**What the exercise asks:** Pictures in the data must not be copied, but everything else should be output exactly.

====

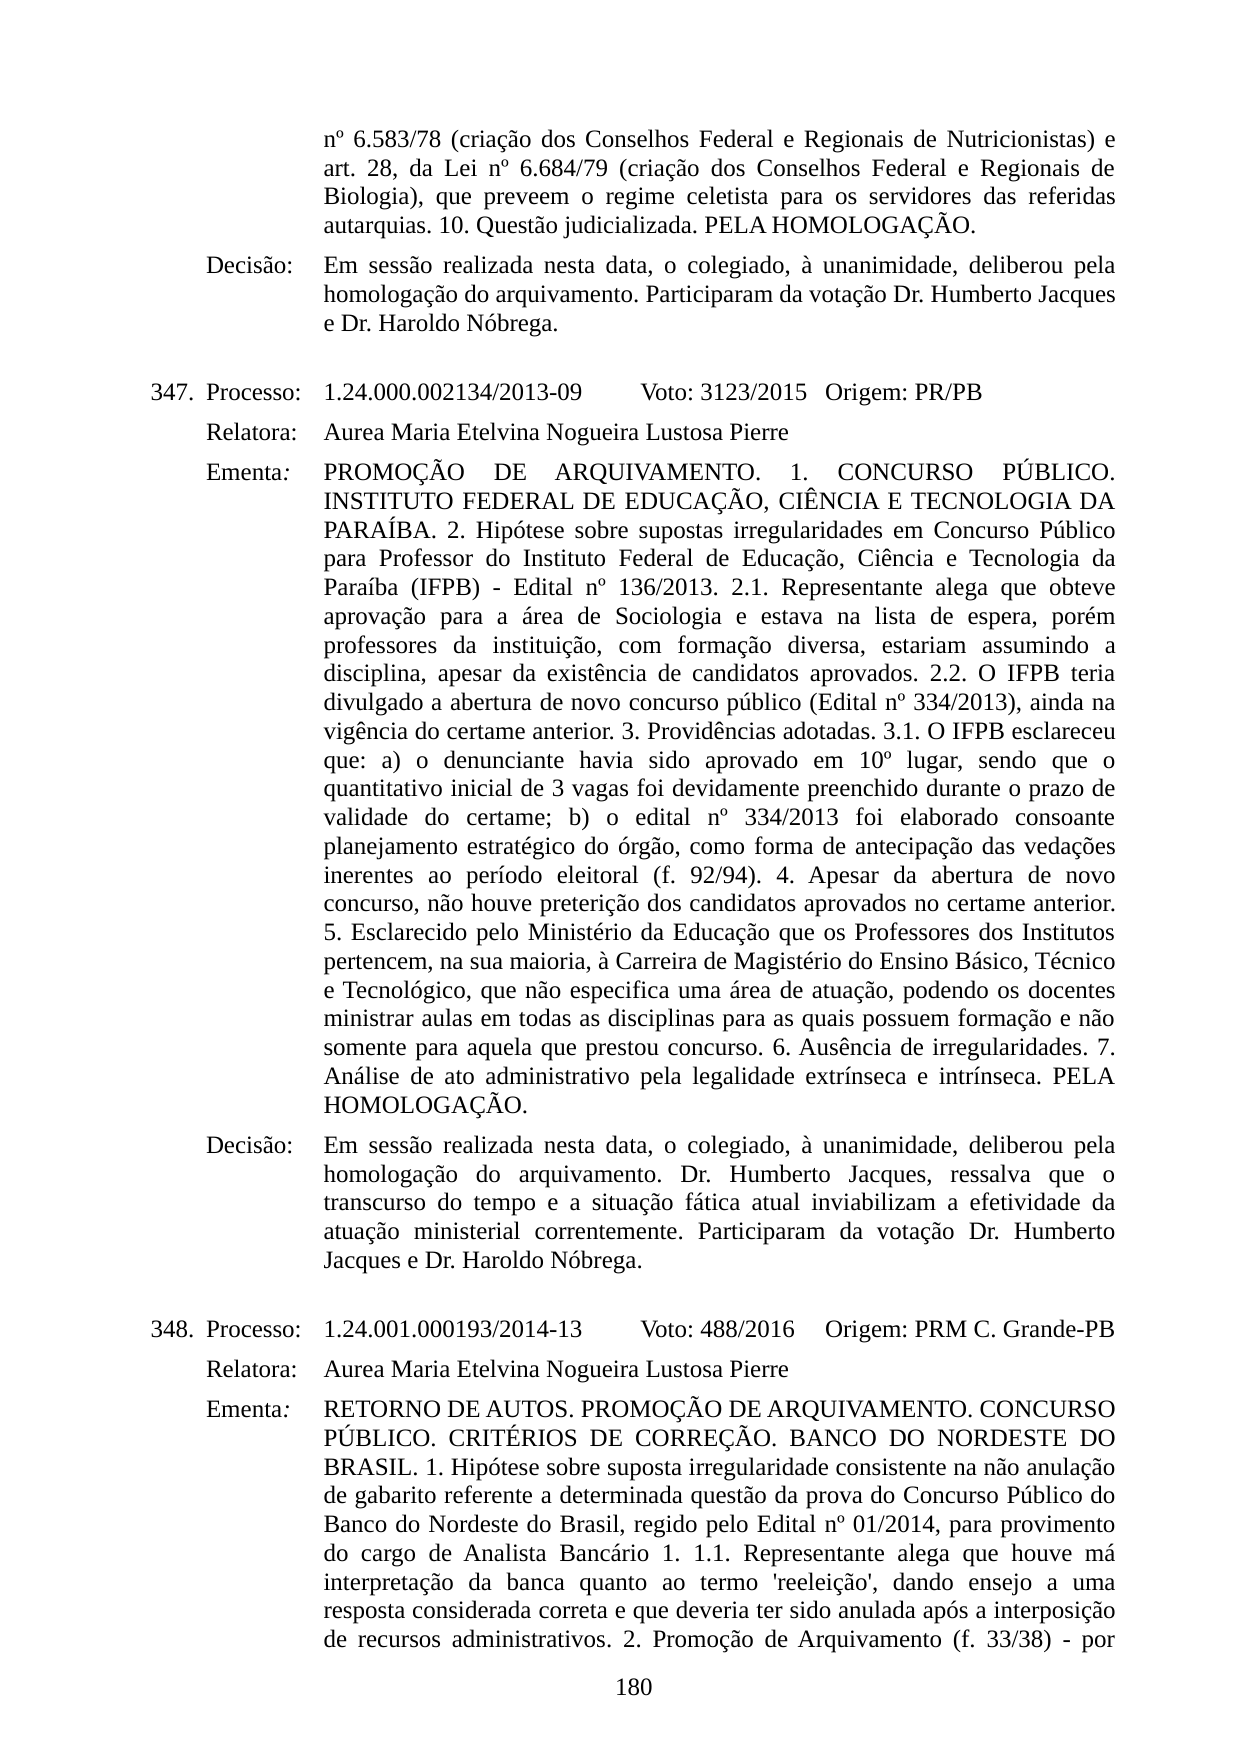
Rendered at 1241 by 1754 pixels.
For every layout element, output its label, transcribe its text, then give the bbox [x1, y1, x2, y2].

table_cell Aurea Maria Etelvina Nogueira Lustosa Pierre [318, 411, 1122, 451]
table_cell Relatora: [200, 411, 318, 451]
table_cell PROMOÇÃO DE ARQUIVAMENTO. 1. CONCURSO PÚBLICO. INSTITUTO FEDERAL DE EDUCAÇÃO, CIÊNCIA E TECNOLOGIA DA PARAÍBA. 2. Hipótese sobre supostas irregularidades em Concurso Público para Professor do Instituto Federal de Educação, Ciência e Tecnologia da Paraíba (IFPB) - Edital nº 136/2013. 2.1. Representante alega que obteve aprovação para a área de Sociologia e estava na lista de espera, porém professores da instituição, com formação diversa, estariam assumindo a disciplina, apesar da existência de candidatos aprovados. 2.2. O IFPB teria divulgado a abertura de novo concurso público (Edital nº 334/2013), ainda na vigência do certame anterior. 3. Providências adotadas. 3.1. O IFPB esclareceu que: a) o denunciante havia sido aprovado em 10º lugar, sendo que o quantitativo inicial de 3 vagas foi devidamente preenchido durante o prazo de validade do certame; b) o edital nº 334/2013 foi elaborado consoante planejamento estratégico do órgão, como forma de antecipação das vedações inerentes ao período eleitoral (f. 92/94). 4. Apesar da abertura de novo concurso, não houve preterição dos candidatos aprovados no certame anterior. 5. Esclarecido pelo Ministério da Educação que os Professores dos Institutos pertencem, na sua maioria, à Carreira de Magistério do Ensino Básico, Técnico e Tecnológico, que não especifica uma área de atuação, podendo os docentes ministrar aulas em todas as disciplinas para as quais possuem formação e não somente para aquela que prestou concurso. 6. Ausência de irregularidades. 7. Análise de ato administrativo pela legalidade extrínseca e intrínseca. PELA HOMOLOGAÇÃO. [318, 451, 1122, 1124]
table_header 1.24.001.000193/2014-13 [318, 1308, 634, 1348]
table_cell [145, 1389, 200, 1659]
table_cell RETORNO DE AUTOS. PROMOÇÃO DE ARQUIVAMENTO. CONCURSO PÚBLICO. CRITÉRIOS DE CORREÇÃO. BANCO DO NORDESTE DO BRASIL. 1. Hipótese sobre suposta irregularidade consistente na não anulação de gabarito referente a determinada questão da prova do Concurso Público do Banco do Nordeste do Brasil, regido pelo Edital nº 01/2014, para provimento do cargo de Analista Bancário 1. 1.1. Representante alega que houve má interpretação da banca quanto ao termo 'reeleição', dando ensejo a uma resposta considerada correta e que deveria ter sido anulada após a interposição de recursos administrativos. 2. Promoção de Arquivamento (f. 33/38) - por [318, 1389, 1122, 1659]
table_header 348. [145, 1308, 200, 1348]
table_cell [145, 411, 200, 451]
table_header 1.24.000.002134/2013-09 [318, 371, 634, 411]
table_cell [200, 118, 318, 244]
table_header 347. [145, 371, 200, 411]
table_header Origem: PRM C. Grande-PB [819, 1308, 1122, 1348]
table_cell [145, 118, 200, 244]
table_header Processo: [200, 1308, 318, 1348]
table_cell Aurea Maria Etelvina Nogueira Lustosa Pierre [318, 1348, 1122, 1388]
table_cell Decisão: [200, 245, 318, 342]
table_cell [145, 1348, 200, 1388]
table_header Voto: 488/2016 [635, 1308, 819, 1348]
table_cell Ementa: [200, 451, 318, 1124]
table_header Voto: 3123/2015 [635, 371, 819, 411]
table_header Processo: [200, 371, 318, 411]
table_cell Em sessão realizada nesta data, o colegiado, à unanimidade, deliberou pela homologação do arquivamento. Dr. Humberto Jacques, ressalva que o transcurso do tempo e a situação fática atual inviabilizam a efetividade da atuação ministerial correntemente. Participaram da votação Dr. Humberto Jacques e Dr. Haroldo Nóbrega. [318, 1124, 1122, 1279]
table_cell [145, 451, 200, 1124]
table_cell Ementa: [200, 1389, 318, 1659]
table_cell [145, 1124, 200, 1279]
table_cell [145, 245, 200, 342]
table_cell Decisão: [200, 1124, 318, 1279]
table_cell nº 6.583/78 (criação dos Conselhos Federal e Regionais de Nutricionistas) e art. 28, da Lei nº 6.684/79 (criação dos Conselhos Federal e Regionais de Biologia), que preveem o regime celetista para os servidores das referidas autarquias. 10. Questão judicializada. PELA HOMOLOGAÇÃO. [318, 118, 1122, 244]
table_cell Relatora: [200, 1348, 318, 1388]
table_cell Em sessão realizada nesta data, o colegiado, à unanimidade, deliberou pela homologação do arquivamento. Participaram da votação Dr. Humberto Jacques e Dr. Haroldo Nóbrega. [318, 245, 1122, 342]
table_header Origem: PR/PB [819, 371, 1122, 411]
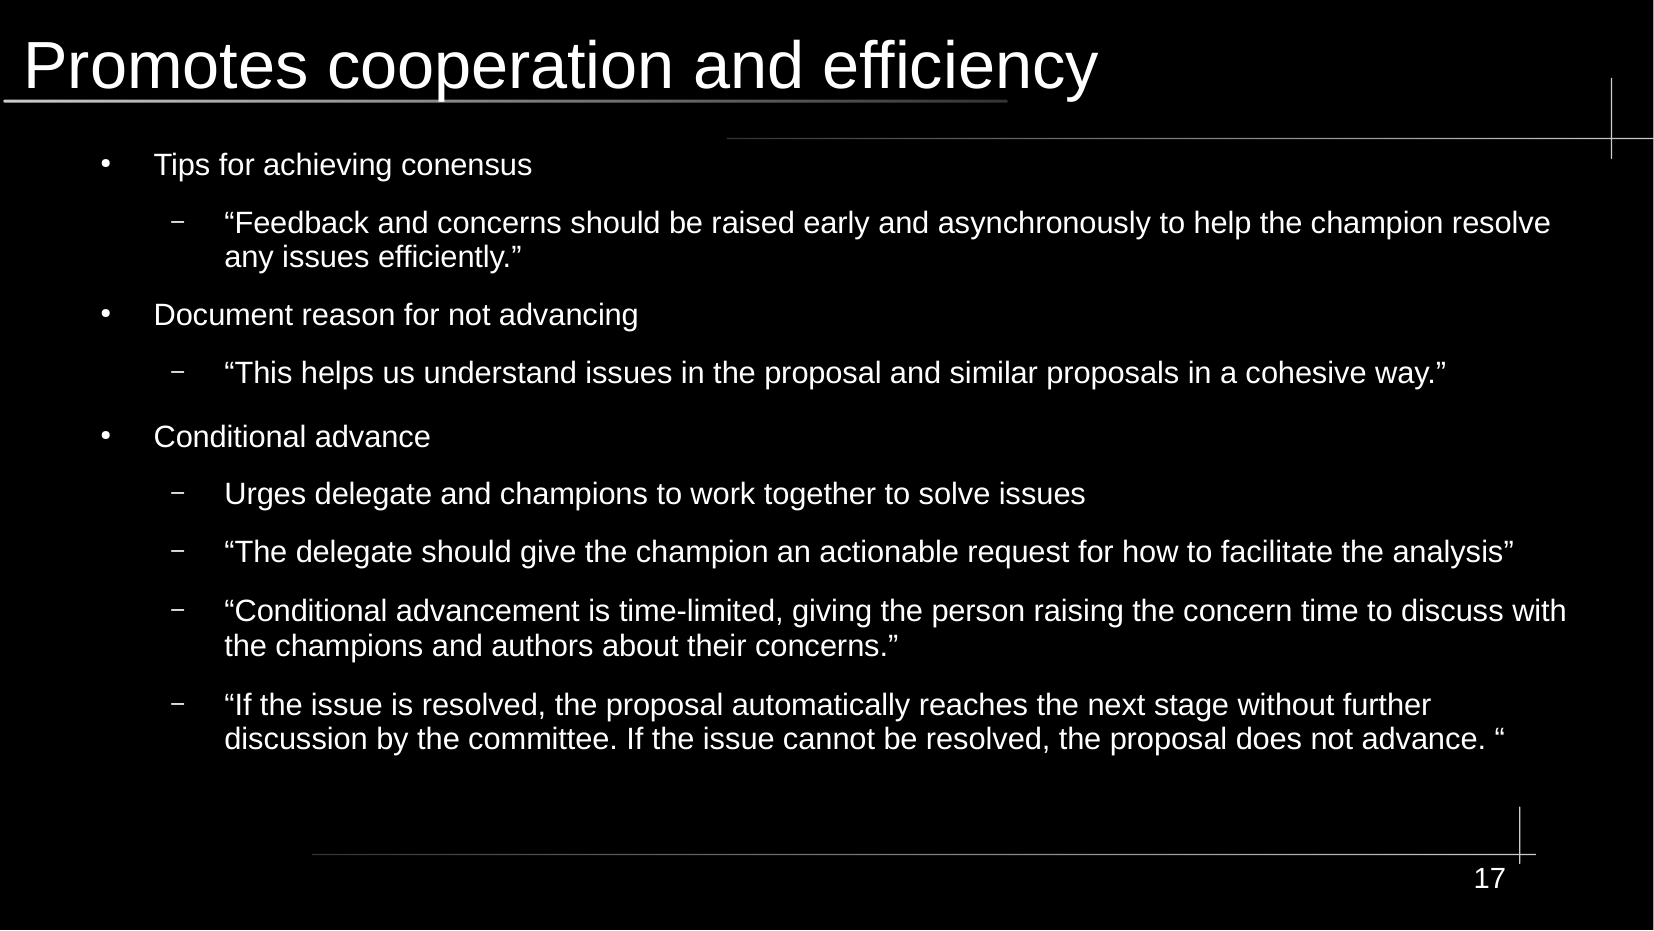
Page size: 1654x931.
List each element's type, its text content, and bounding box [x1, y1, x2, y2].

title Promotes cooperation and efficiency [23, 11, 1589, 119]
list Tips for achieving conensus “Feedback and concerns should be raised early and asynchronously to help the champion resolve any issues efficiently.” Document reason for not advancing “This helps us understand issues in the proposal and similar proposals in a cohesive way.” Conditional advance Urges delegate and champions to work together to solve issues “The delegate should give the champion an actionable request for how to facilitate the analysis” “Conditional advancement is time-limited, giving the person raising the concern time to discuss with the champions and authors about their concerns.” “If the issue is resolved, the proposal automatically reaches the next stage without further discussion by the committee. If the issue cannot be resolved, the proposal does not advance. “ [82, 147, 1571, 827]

====

**Answer below:**
Rendered at 1241 by 1754 pixels.
For every layout element, output its label, transcribe its text, then give the bbox [x1, y1, x2, y2].

table_cell Aurea Maria Etelvina Nogueira Lustosa Pierre [318, 411, 1122, 451]
table_cell Relatora: [200, 411, 318, 451]
table_cell PROMOÇÃO DE ARQUIVAMENTO. 1. CONCURSO PÚBLICO. INSTITUTO FEDERAL DE EDUCAÇÃO, CIÊNCIA E TECNOLOGIA DA PARAÍBA. 2. Hipótese sobre supostas irregularidades em Concurso Público para Professor do Instituto Federal de Educação, Ciência e Tecnologia da Paraíba (IFPB) - Edital nº 136/2013. 2.1. Representante alega que obteve aprovação para a área de Sociologia e estava na lista de espera, porém professores da instituição, com formação diversa, estariam assumindo a disciplina, apesar da existência de candidatos aprovados. 2.2. O IFPB teria divulgado a abertura de novo concurso público (Edital nº 334/2013), ainda na vigência do certame anterior. 3. Providências adotadas. 3.1. O IFPB esclareceu que: a) o denunciante havia sido aprovado em 10º lugar, sendo que o quantitativo inicial de 3 vagas foi devidamente preenchido durante o prazo de validade do certame; b) o edital nº 334/2013 foi elaborado consoante planejamento estratégico do órgão, como forma de antecipação das vedações inerentes ao período eleitoral (f. 92/94). 4. Apesar da abertura de novo concurso, não houve preterição dos candidatos aprovados no certame anterior. 5. Esclarecido pelo Ministério da Educação que os Professores dos Institutos pertencem, na sua maioria, à Carreira de Magistério do Ensino Básico, Técnico e Tecnológico, que não especifica uma área de atuação, podendo os docentes ministrar aulas em todas as disciplinas para as quais possuem formação e não somente para aquela que prestou concurso. 6. Ausência de irregularidades. 7. Análise de ato administrativo pela legalidade extrínseca e intrínseca. PELA HOMOLOGAÇÃO. [318, 451, 1122, 1124]
table_header 1.24.001.000193/2014-13 [318, 1308, 634, 1348]
table_cell [145, 1389, 200, 1659]
table_cell RETORNO DE AUTOS. PROMOÇÃO DE ARQUIVAMENTO. CONCURSO PÚBLICO. CRITÉRIOS DE CORREÇÃO. BANCO DO NORDESTE DO BRASIL. 1. Hipótese sobre suposta irregularidade consistente na não anulação de gabarito referente a determinada questão da prova do Concurso Público do Banco do Nordeste do Brasil, regido pelo Edital nº 01/2014, para provimento do cargo de Analista Bancário 1. 1.1. Representante alega que houve má interpretação da banca quanto ao termo 'reeleição', dando ensejo a uma resposta considerada correta e que deveria ter sido anulada após a interposição de recursos administrativos. 2. Promoção de Arquivamento (f. 33/38) - por [318, 1389, 1122, 1659]
table_header 348. [145, 1308, 200, 1348]
table_cell [145, 411, 200, 451]
table_header 1.24.000.002134/2013-09 [318, 371, 634, 411]
table_cell [200, 118, 318, 244]
table_header 347. [145, 371, 200, 411]
table_header Origem: PRM C. Grande-PB [819, 1308, 1122, 1348]
table_cell [145, 118, 200, 244]
table_header Processo: [200, 1308, 318, 1348]
table_cell Aurea Maria Etelvina Nogueira Lustosa Pierre [318, 1348, 1122, 1388]
table_cell Decisão: [200, 245, 318, 342]
table_cell [145, 1348, 200, 1388]
table_header Voto: 488/2016 [635, 1308, 819, 1348]
table_cell Ementa: [200, 451, 318, 1124]
table_header Voto: 3123/2015 [635, 371, 819, 411]
table_header Processo: [200, 371, 318, 411]
table_cell Em sessão realizada nesta data, o colegiado, à unanimidade, deliberou pela homologação do arquivamento. Dr. Humberto Jacques, ressalva que o transcurso do tempo e a situação fática atual inviabilizam a efetividade da atuação ministerial correntemente. Participaram da votação Dr. Humberto Jacques e Dr. Haroldo Nóbrega. [318, 1124, 1122, 1279]
table_cell [145, 451, 200, 1124]
table_cell Ementa: [200, 1389, 318, 1659]
table_cell [145, 1124, 200, 1279]
table_cell [145, 245, 200, 342]
table_cell Decisão: [200, 1124, 318, 1279]
table_cell nº 6.583/78 (criação dos Conselhos Federal e Regionais de Nutricionistas) e art. 28, da Lei nº 6.684/79 (criação dos Conselhos Federal e Regionais de Biologia), que preveem o regime celetista para os servidores das referidas autarquias. 10. Questão judicializada. PELA HOMOLOGAÇÃO. [318, 118, 1122, 244]
table_cell Relatora: [200, 1348, 318, 1388]
table_cell Em sessão realizada nesta data, o colegiado, à unanimidade, deliberou pela homologação do arquivamento. Participaram da votação Dr. Humberto Jacques e Dr. Haroldo Nóbrega. [318, 245, 1122, 342]
table_header Origem: PR/PB [819, 371, 1122, 411]
Page size: 1654x931.
List each element's type, its text content, and bounding box [x1, y1, x2, y2].

title Promotes cooperation and efficiency [23, 11, 1589, 119]
list Tips for achieving conensus “Feedback and concerns should be raised early and asynchronously to help the champion resolve any issues efficiently.” Document reason for not advancing “This helps us understand issues in the proposal and similar proposals in a cohesive way.” Conditional advance Urges delegate and champions to work together to solve issues “The delegate should give the champion an actionable request for how to facilitate the analysis” “Conditional advancement is time-limited, giving the person raising the concern time to discuss with the champions and authors about their concerns.” “If the issue is resolved, the proposal automatically reaches the next stage without further discussion by the committee. If the issue cannot be resolved, the proposal does not advance. “ [82, 147, 1571, 827]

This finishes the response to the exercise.